= Beginning of Section =

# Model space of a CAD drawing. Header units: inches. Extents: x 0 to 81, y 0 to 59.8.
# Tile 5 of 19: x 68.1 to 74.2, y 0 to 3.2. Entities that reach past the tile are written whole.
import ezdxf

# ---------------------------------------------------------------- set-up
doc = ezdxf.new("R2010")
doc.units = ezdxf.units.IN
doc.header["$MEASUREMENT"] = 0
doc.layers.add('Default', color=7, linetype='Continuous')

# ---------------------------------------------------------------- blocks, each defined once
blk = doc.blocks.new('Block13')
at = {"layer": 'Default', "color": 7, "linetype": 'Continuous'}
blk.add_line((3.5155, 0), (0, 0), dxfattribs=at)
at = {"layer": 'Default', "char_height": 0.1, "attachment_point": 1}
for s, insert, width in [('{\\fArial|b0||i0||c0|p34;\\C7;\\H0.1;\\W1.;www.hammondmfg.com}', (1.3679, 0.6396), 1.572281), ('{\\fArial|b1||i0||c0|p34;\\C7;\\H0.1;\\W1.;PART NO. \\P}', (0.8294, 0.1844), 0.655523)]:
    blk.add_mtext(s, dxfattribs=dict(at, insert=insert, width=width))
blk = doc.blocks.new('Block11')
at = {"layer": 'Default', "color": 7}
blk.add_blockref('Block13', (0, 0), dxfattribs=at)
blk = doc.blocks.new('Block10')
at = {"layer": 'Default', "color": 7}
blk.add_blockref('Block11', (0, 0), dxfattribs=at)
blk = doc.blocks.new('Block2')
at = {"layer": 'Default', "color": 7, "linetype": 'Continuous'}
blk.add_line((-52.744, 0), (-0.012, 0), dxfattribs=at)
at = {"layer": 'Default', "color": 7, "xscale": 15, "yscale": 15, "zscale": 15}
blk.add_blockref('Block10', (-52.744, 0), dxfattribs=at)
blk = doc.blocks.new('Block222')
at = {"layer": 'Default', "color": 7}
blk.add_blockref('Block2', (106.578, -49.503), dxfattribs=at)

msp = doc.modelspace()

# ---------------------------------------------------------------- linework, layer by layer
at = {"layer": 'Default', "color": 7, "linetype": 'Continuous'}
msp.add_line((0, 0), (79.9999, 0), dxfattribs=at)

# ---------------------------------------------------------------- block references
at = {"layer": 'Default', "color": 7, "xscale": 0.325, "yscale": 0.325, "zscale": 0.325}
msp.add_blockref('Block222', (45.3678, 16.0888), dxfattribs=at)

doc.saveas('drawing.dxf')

= End of Section =

> ACTIVITY: What lines in the material mention "xscale"? Copy every one of them.

> PROBLEM SOLUTION:
at = {"layer": 'Default', "color": 7, "xscale": 15, "yscale": 15, "zscale": 15}
at = {"layer": 'Default', "color": 7, "xscale": 0.325, "yscale": 0.325, "zscale": 0.325}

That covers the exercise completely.